Task prompt: Could you filter the records below and keep only the lines with the word "answer"?

Data for this task:
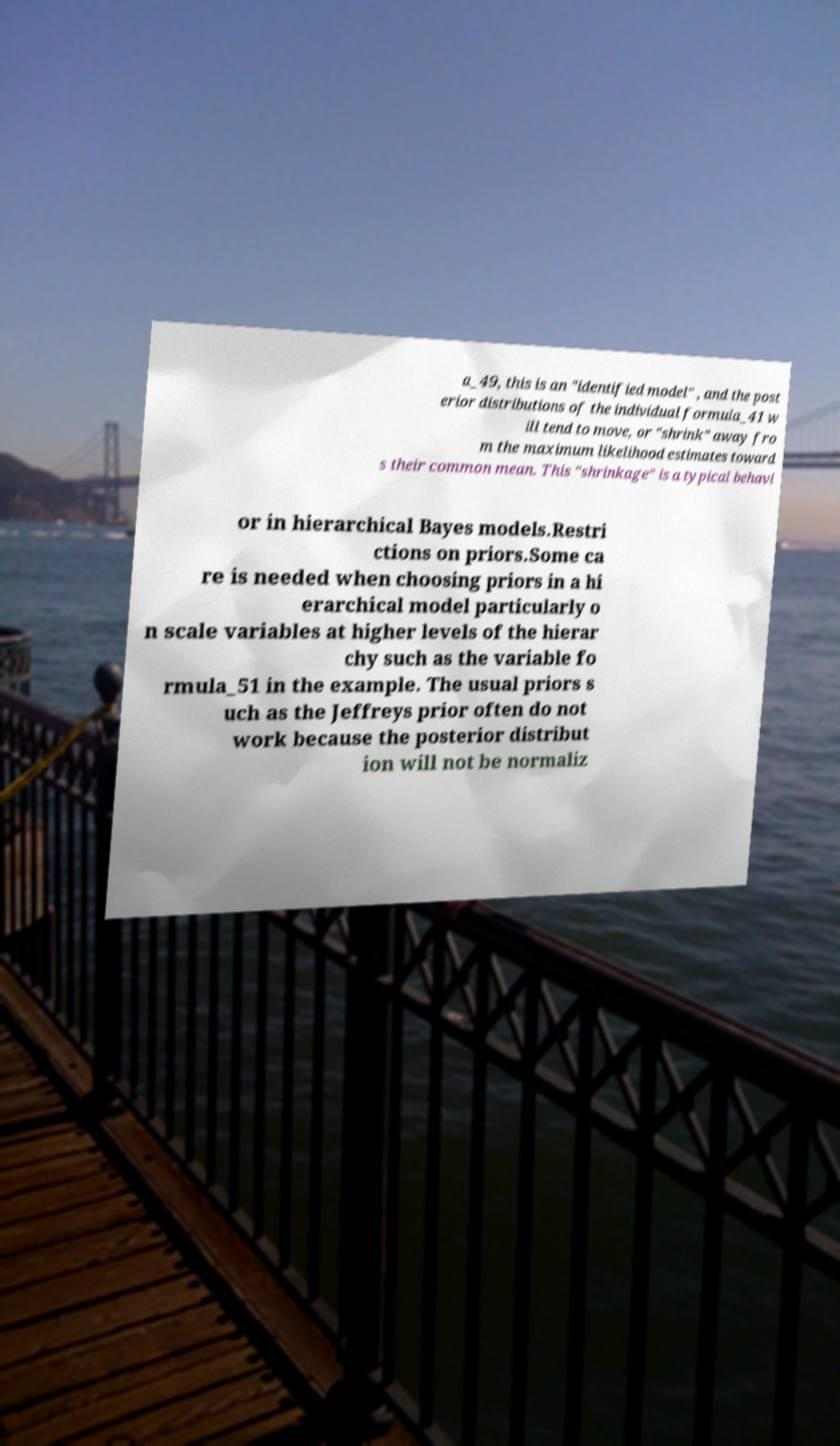There's text embedded in this image that I need extracted. Can you transcribe it verbatim? a_49, this is an "identified model" , and the post erior distributions of the individual formula_41 w ill tend to move, or "shrink" away fro m the maximum likelihood estimates toward s their common mean. This "shrinkage" is a typical behavi or in hierarchical Bayes models.Restri ctions on priors.Some ca re is needed when choosing priors in a hi erarchical model particularly o n scale variables at higher levels of the hierar chy such as the variable fo rmula_51 in the example. The usual priors s uch as the Jeffreys prior often do not work because the posterior distribut ion will not be normaliz 
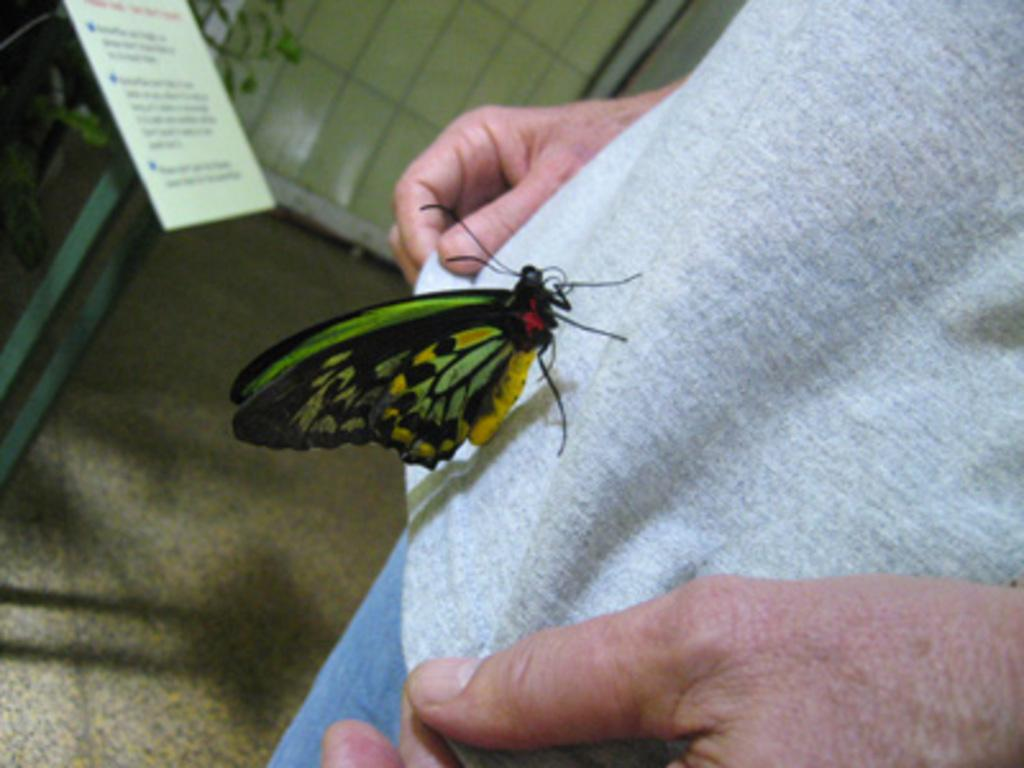What is on the person's dress in the image? There is a butterfly on the person's dress in the image. What can be seen on the whiteboard in the image? There is text visible on a whiteboard in the image. What type of wall is in the background of the image? There is a tile wall in the background of the image. What is the government's stance on the butterfly's income in the image? There is no information about the government or the butterfly's income in the image. The image only shows a butterfly on a person's dress and text on a whiteboard. 
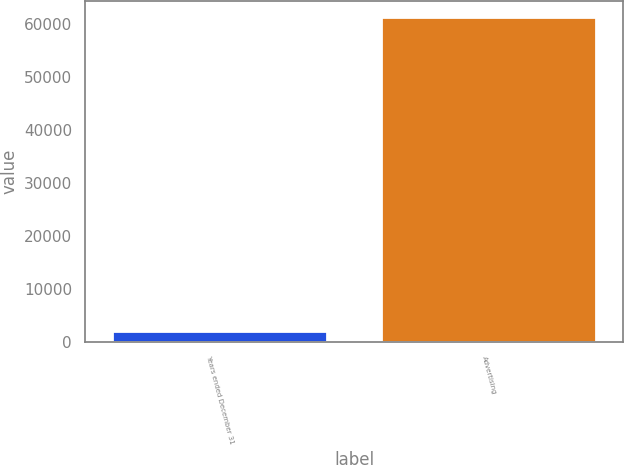Convert chart. <chart><loc_0><loc_0><loc_500><loc_500><bar_chart><fcel>Years ended December 31<fcel>Advertising<nl><fcel>2016<fcel>61258<nl></chart> 
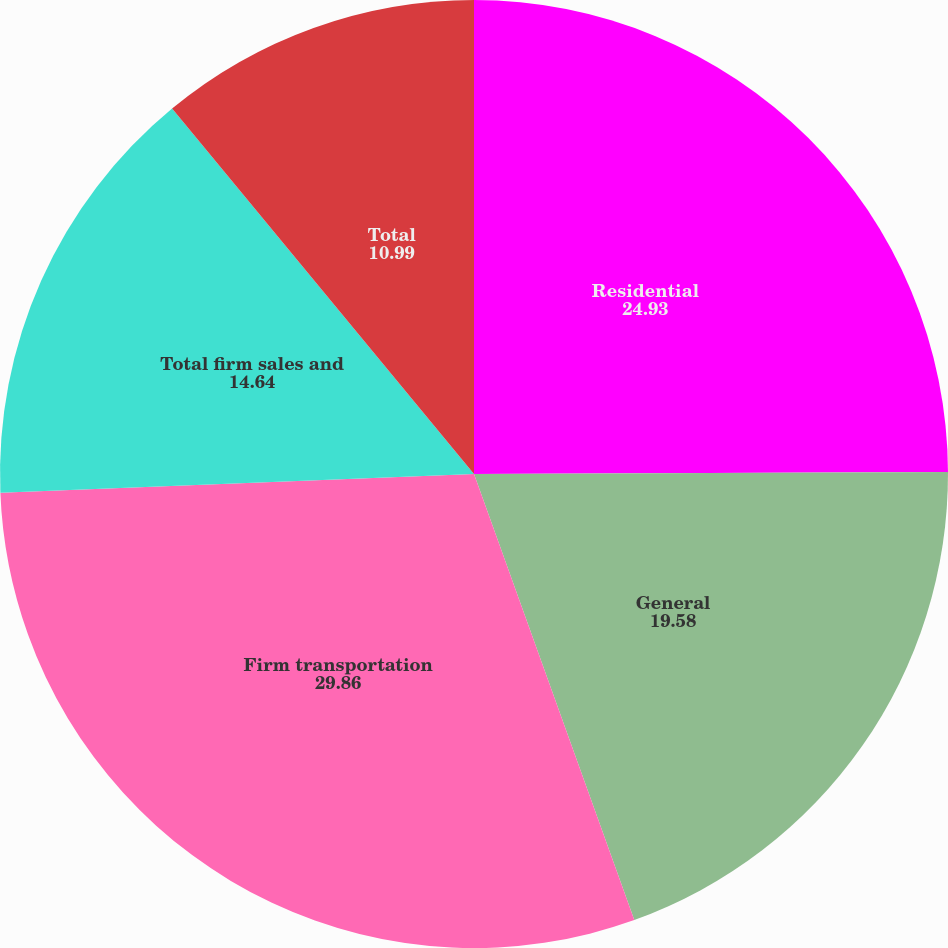Convert chart to OTSL. <chart><loc_0><loc_0><loc_500><loc_500><pie_chart><fcel>Residential<fcel>General<fcel>Firm transportation<fcel>Total firm sales and<fcel>Total<nl><fcel>24.93%<fcel>19.58%<fcel>29.86%<fcel>14.64%<fcel>10.99%<nl></chart> 
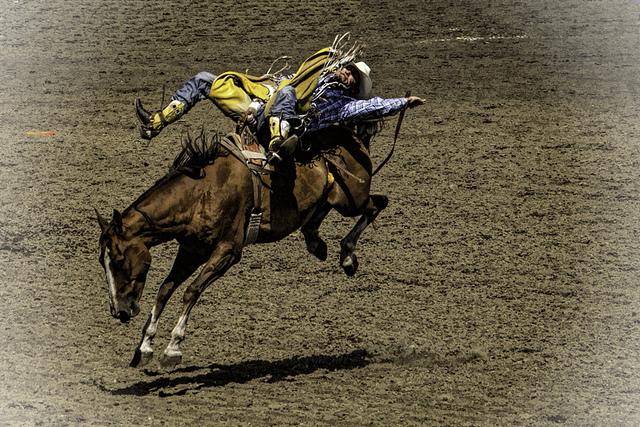What is the horse doing?
Short answer required. Bucking. Is the horse on a leash?
Quick response, please. No. Does this rider appear to be calmly riding the horse?
Concise answer only. No. Will the man fall?
Give a very brief answer. Yes. 
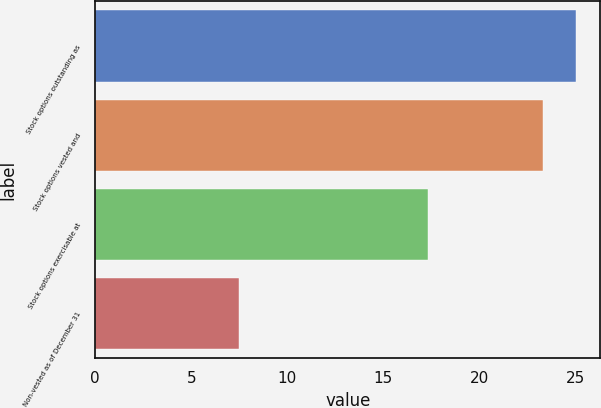Convert chart. <chart><loc_0><loc_0><loc_500><loc_500><bar_chart><fcel>Stock options outstanding as<fcel>Stock options vested and<fcel>Stock options exercisable at<fcel>Non-vested as of December 31<nl><fcel>25.03<fcel>23.3<fcel>17.3<fcel>7.5<nl></chart> 
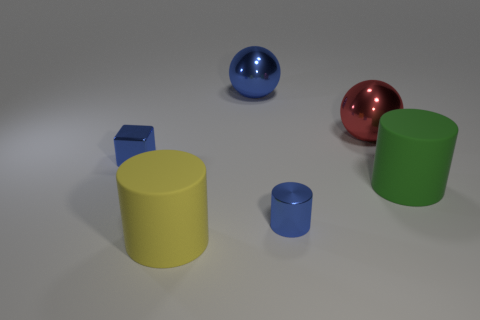Can you describe the texture of the objects? Certainly! The large yellow and small blue cylinders exhibit a matte texture. The metallic cylinder and the red spherical object have a highly reflective, smooth surface, and the green cylinder seems to have a slightly less reflective matte finish compared to the yellow cylinder. 
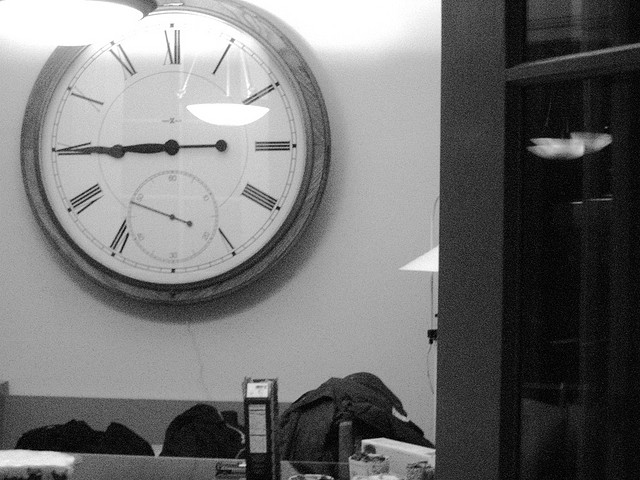Please extract the text content from this image. XII V X I II 50 40 30 20 10 60 VI VIII VII V IIII III

Response for this exercise:
Short answer required. Bucking. Is the horse on a leash?
Concise answer only. No. Will the man fall?
Give a very brief answer. Yes. 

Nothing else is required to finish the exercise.